One weekend, my wife and family were still in Pensacola and I was in Meridian, Mississippi, being trained. One weekend I had developed a tooth ache actually, and I went to see the dentist. They loaded me up with some Novocain, did some drilling, fixing, and stuff like that.

I wasn’t feeling all that good. I had a hop and this was a Friday afternoon.

I had a hop I was supposed to fly later on in the afternoon and after that I would drive back to Pensacola to see my family for the weekend. Because I wasn’t feeling all that great and I just had the equivalent of a root canal, I called over and said, “I can’t make the hop today.” I went ahead and drove home mid-afternoon, spent the weekend with my family, and came back on Sunday night.

On Monday morning I was called into the executive’s officer’s office and he said, “You didn’t fly your hop on Friday.” I said, “Yes, sir.” He said, “That’s not the way we do it. How would you like to be an enlisted man?” I looked at him and I said, “Pardon, sir.”

He said, “If we wash you out of here, you’re going to be an enlisted man.” Well what he didn’t know was that I had completed OCS before aviation school, which meant he could bust me out of flight training, but he couldn’t make me an enlisted man. I would still be an ensign. I thought, you idiot. This is not the very first time, what I shall call, lack of leadership, particularly in the airdale [naval aviator] community, but it irritated me. I don’t always handle irritation that well. This time I took it and I said, “Well, yes sir, I’ll try and make sure”—and I left his office. I walked out in the hall and I started to think.
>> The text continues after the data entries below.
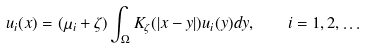<formula> <loc_0><loc_0><loc_500><loc_500>u _ { i } ( x ) = ( \mu _ { i } + \zeta ) \int _ { \Omega } K _ { \zeta } ( | x - y | ) u _ { i } ( y ) d y , \quad i = 1 , 2 , \dots</formula> 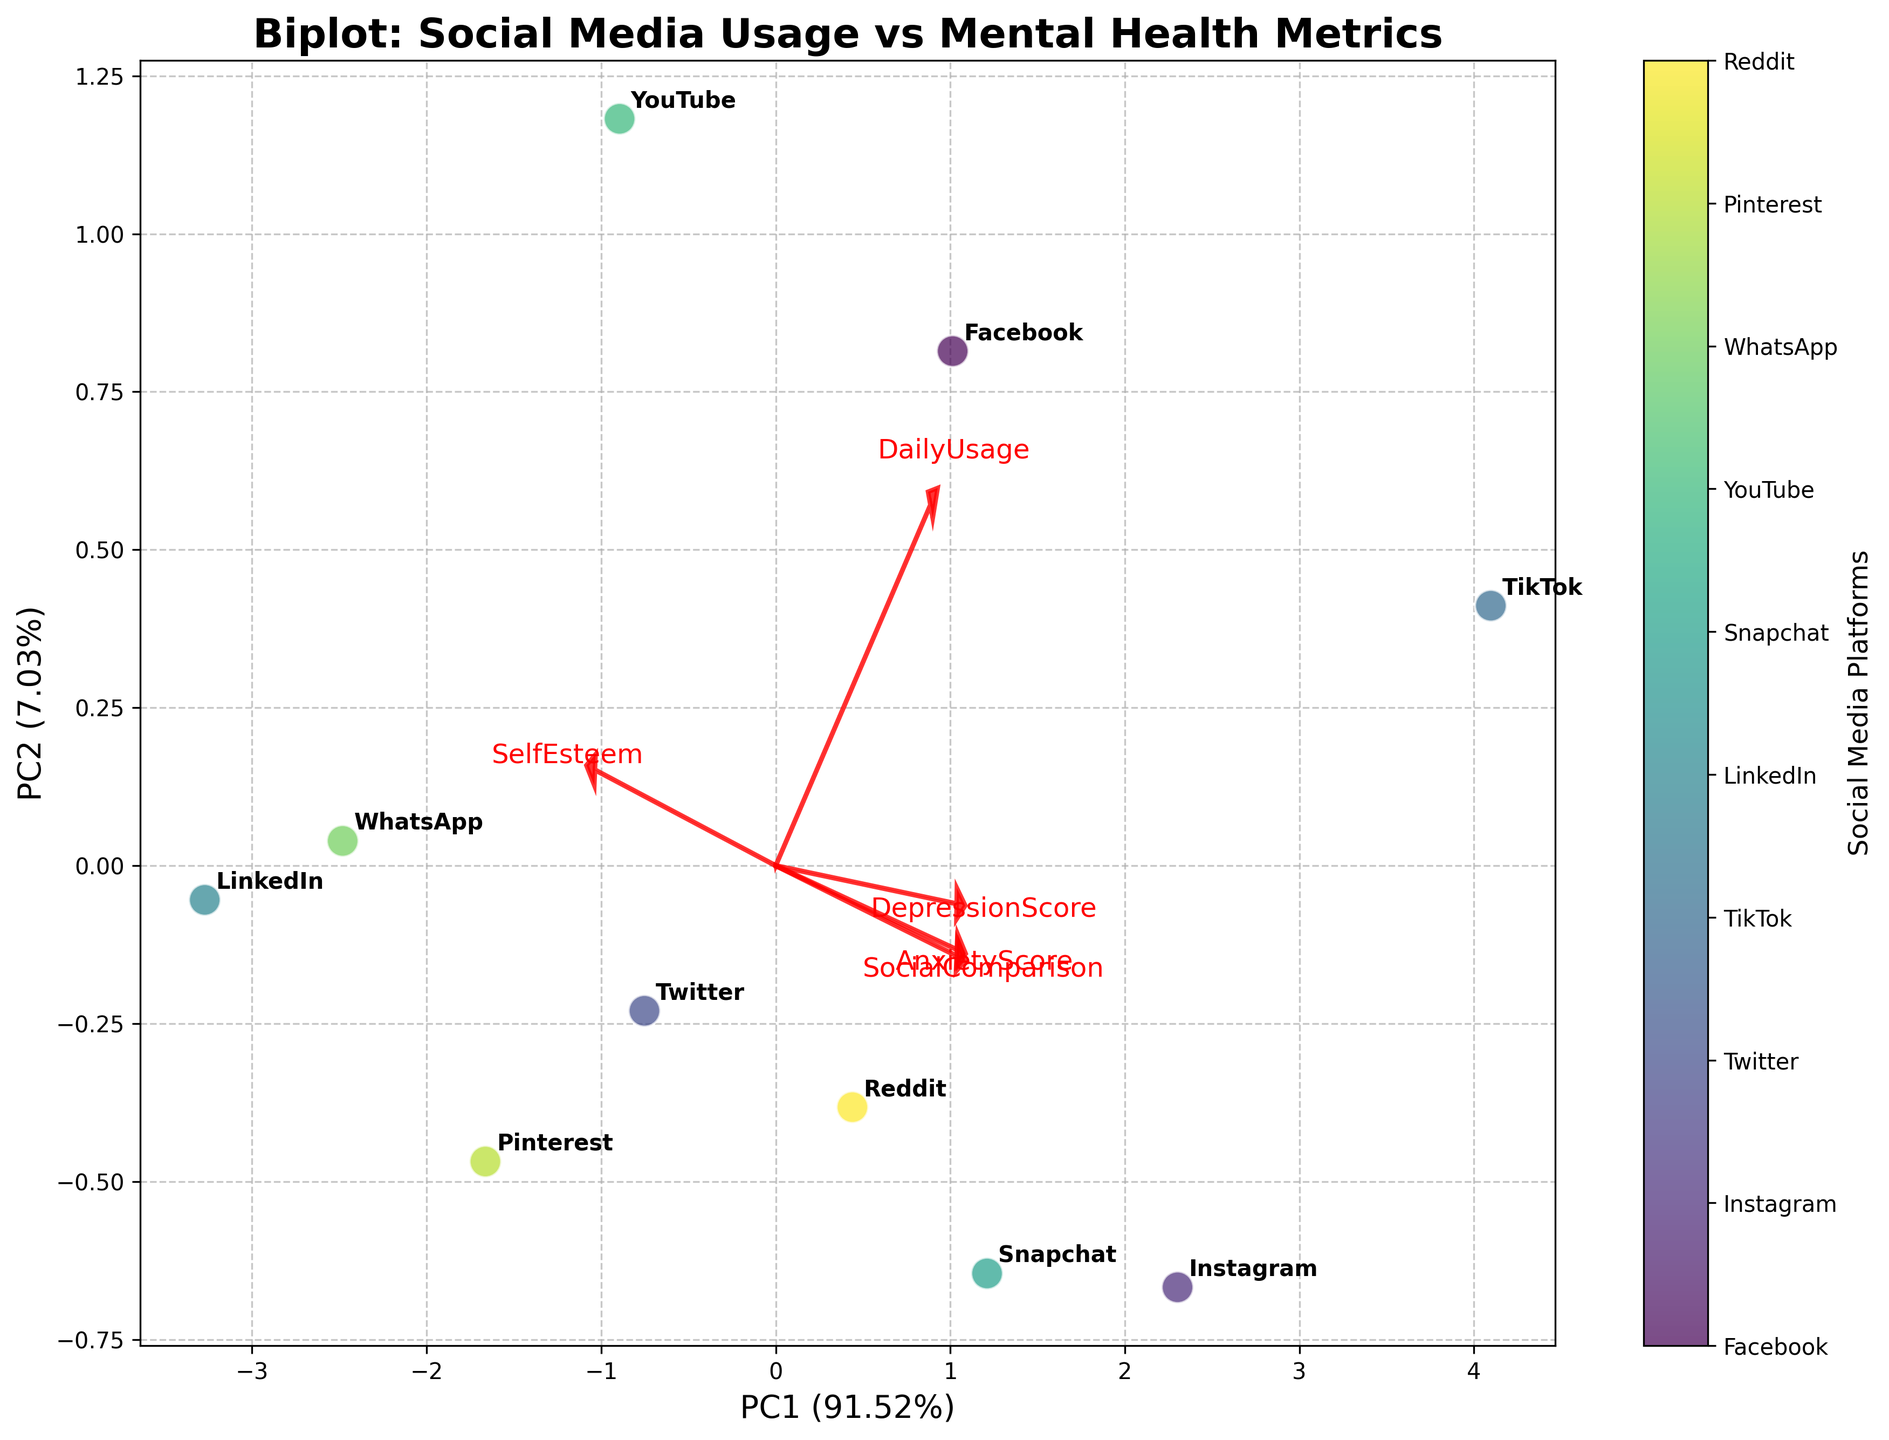How many social media platforms are represented in the figure? Count the number of different labels corresponding to social media platforms in the biplot. The scatter points are annotated with platform names.
Answer: 10 Which social media platform shows the highest daily usage? Find the platform label that is furthest along the direction where "DailyUsage" vector points. This indicates high values of daily usage.
Answer: TikTok What percentage of the variance is explained by the first principal component? Look at the label of the X-axis, which shows the percentage of variance explained by the first principal component (PC1).
Answer: 53.46% Which mental health metric has the strongest correlation with PC1? Identify the loading vector of PC1 that has the longest arrow among all vectors representing mental health metrics. This represents the strongest correlation with PC1.
Answer: AnxietyScore Between Facebook and LinkedIn, which has a higher AnxietyScore? Find the annotations for Facebook and LinkedIn on the scatter plot and observe their position along the direction of the "AnxietyScore" loading vector. The closer one to the arrow tip has a higher AnxietyScore.
Answer: Facebook Is the "DepressionScore" vector pointing towards similar directions as "AnxietyScore"? Compare the direction of the arrows for "DepressionScore" and "AnxietyScore" vectors. If they point mostly in the same direction, their correlation is positive.
Answer: Yes Which metric does Instagram have a notably low value in, compared to LinkedIn? Identify the annotations for Instagram and LinkedIn, compare their distances in the direction opposite to the vector representing a metric, indicating a notably lower value for Instagram.
Answer: SelfEsteem Which platform shows the lowest social comparison value? Look for the platform annotation closest to the origin along the direction that indicates low SocialComparison scores.
Answer: LinkedIn How do YouTube and Snapchat compare in terms of SelfEsteem? Compare the distances from the origin of the scatter points labeled "YouTube" and "Snapchat" in the direction of the "SelfEsteem" loading vector. The further out, the higher the SelfEsteem.
Answer: YouTube Is there a noticeable correlation between daily usage and reported mental health issues? Evaluate the directions and lengths of the loading vectors for daily usage and each mental health metric. If vectors for daily usage and any mental health metric are pointing in a similar direction, there's a noticeable correlation.
Answer: Yes

Now here’s the thing, to be a naval aviator, if you want to do that, it has to be number one, period.  Ahead of all else in your life, where you are going to get yourself killed and the guy in the seat behind you killed. It takes that kind of dedication, and I knew it. I started to think. Do I have that dedication? Am I willing to give up my family? Am I willing to give up everything except flying and concentrate solely on that? The answer was, no. No, it does not quite have that precedence in my life, and I realized I was in the wrong spot. So I walked back into his office and I said, “Sir, I wish to drop on my own request.” Now that’s called, DOR, dropping on request. The Navy has its rules, once you say that, they can’t argue with you, you are dropped. That’s the Navy’s smart way of handling it, because they also know that if you don’t have that dedication, you don’t belong there. All you’re going to do is cost them money and lives, including your own, probably.
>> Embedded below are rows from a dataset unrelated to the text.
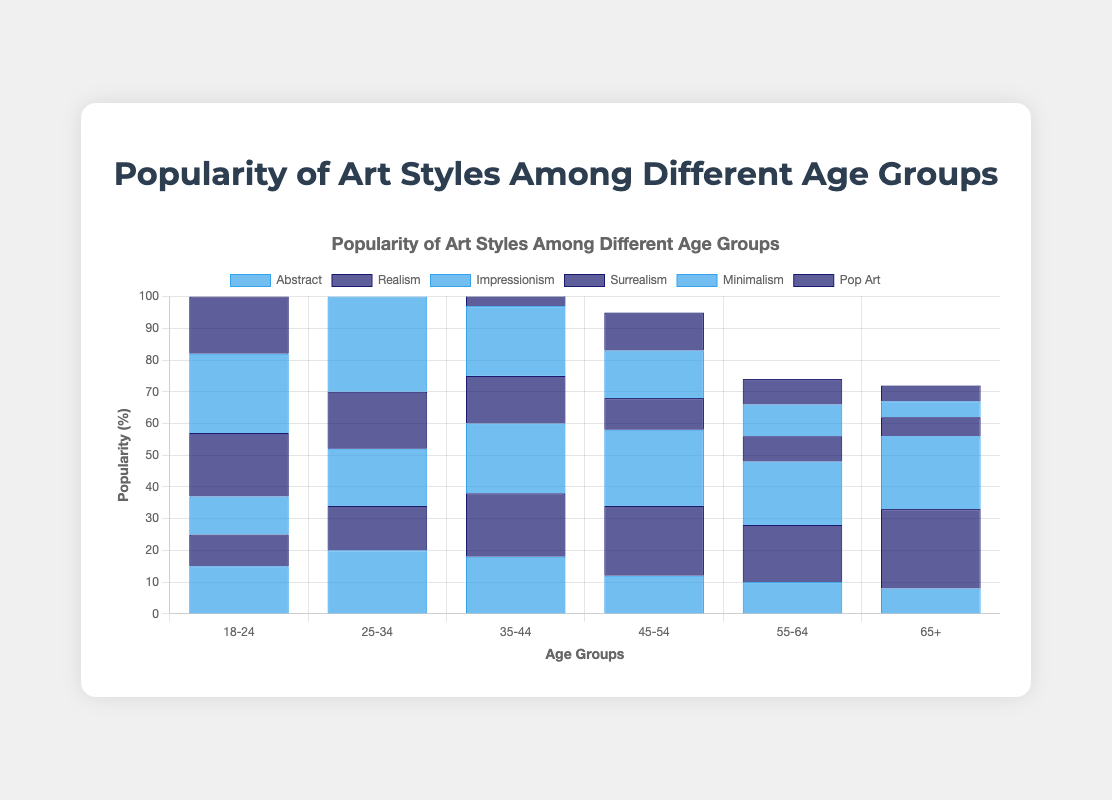Which age group has the highest preference for Abstract art? By examining the height of the bars representing Abstract art across different age groups, the highest bar corresponds to the 25-34 age group.
Answer: 25-34 Which art style is most popular among the 18-24 age group? For the 18-24 age group, the tallest bar represents Minimalism, indicating it is the most popular art style among this age group.
Answer: Minimalism Compare the popularity of Realism and Impressionism among the 45-54 age group. Which is more popular? Observing the bars for the 45-54 age group, the bar for Impressionism is taller than the bar for Realism, indicating Impressionism is more popular.
Answer: Impressionism By how much does the popularity of Surrealism decline from the 18-24 age group to the 65+ age group? The height of the Surrealism bar is 20% for the 18-24 age group and 6% for the 65+ age group. Calculating the difference: 20% - 6% = 14%.
Answer: 14% What is the total popularity of Minimalism across all age groups? Adding the bar values for Minimalism across all age groups: 25 + 30 + 22 + 15 + 10 + 5 = 107%.
Answer: 107% Is the popularity of Pop Art more consistent across age groups compared to Surrealism? The bars for Pop Art show values (18, 22, 18, 12, 8, 5), indicating less variance compared to Surrealism (20, 18, 15, 10, 8, 6). Surrealism shows a steeper decline, while Pop Art values are more evenly distributed.
Answer: Yes For the 55-64 age group, which art style is least popular? Among the bars for the 55-64 age group, the shortest bar represents Minimalism, indicating it is the least popular art style within this age group.
Answer: Minimalism How does the preference for Abstract art compare between the 25-34 and 45-54 age groups? The bar for Abstract art is higher for the 25-34 age group (20%) compared to the 45-54 age group (12%), indicating a higher preference in the former.
Answer: 25-34 Which art style's popularity remains above 20% for three consecutive age groups? Examining bar heights, Impressionism remains above 20% for the age groups 35-44, 45-54, and 55-64.
Answer: Impressionism 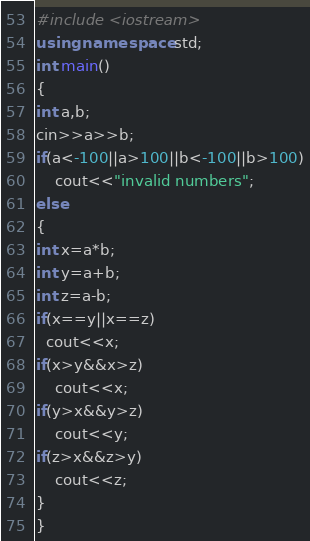<code> <loc_0><loc_0><loc_500><loc_500><_C++_>#include <iostream>
using namespace std;
int main()
{
int a,b;
cin>>a>>b;
if(a<-100||a>100||b<-100||b>100)
    cout<<"invalid numbers";
else
{
int x=a*b;
int y=a+b;
int z=a-b;
if(x==y||x==z)
  cout<<x;
if(x>y&&x>z)
    cout<<x;
if(y>x&&y>z)
    cout<<y;
if(z>x&&z>y)
    cout<<z;
}
}
</code> 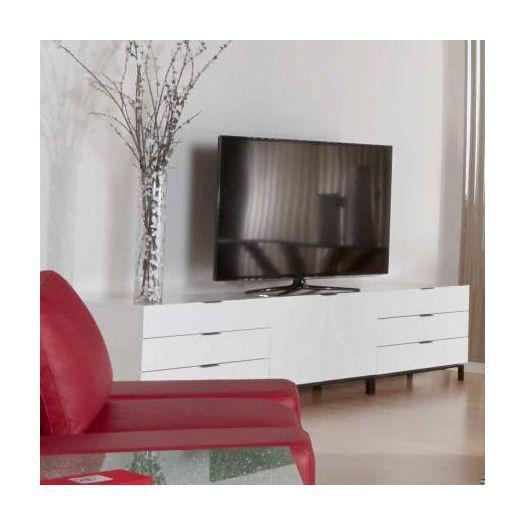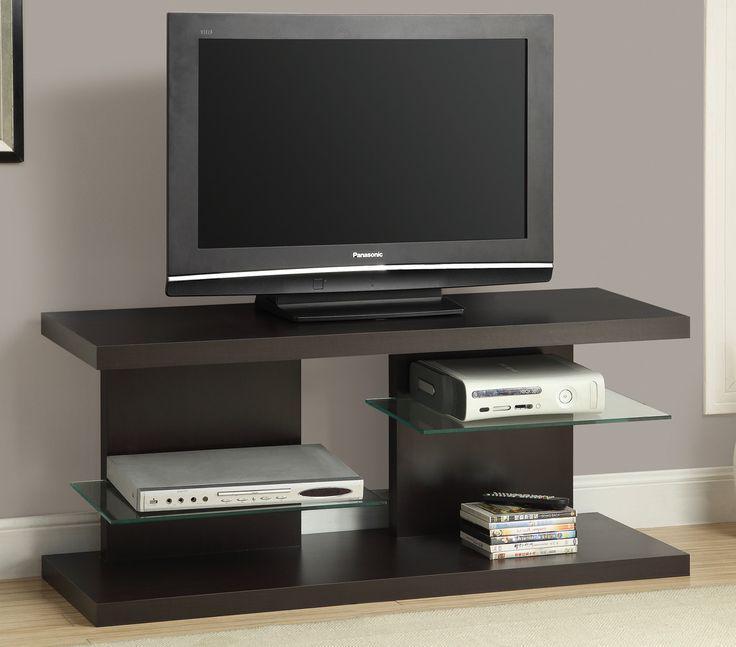The first image is the image on the left, the second image is the image on the right. For the images displayed, is the sentence "tv's are stacked in a triangular shape" factually correct? Answer yes or no. No. The first image is the image on the left, the second image is the image on the right. Evaluate the accuracy of this statement regarding the images: "Both images contain an equal number of monitors.". Is it true? Answer yes or no. Yes. 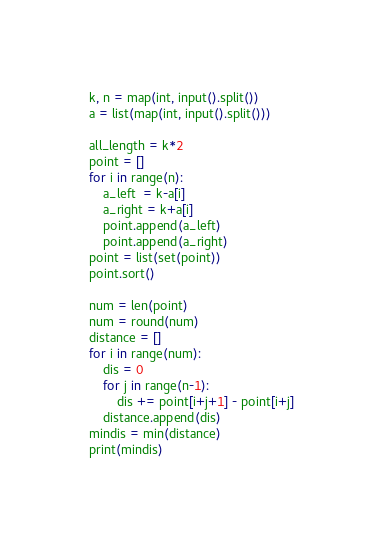Convert code to text. <code><loc_0><loc_0><loc_500><loc_500><_Python_>k, n = map(int, input().split())
a = list(map(int, input().split()))

all_length = k*2
point = []
for i in range(n):
    a_left  = k-a[i]
    a_right = k+a[i]
    point.append(a_left)
    point.append(a_right)
point = list(set(point))
point.sort()

num = len(point)
num = round(num)
distance = []
for i in range(num):
    dis = 0
    for j in range(n-1):
        dis += point[i+j+1] - point[i+j]
    distance.append(dis)
mindis = min(distance)
print(mindis)</code>

So, I dropped. I ended up going to a communications school for three weeks, which, by the way, I was number one in the first two classes. In the third class, I tutored the guy who was number one, and I was number two. Then they put me on an aircraft carrier, the USS Kitty Hawk, in San Diego, as Ships Company. I think this was their idea of punishment. I didn’t mind, the nice thing about an aircraft carrier, it’s got two escalators, fourteen floors, an elevator, a popcorn machine, a movie theatre, lots of stuff. In many ways it’s sort of a better assignment to have than a little teeny ship like that APD out of North Fork. You get your own—well you don’t get your own state room until you are a lieutenant. At that point I was a lieutenant JG [junior grade]. So, I at least got a two man state room. Because I was Ships Company, they put me down below deck, just above the engineering section in a place called sleepy hollow. It was called sleepy hollow because it was quiet. The bad news is when the air conditioning went off; it got really warm down there because you were sitting over a boiler room. That’s the way naval service is, it’s a trade off, it’s never really purely great and in many respects never really purely evil, because I understand that my military history is far more lenient, than many, who are in the service. There are a lot of people out there in the jungles at that time, that would have almost literally “killed” to have my situation, and I know that. There were difficulties, being away from family.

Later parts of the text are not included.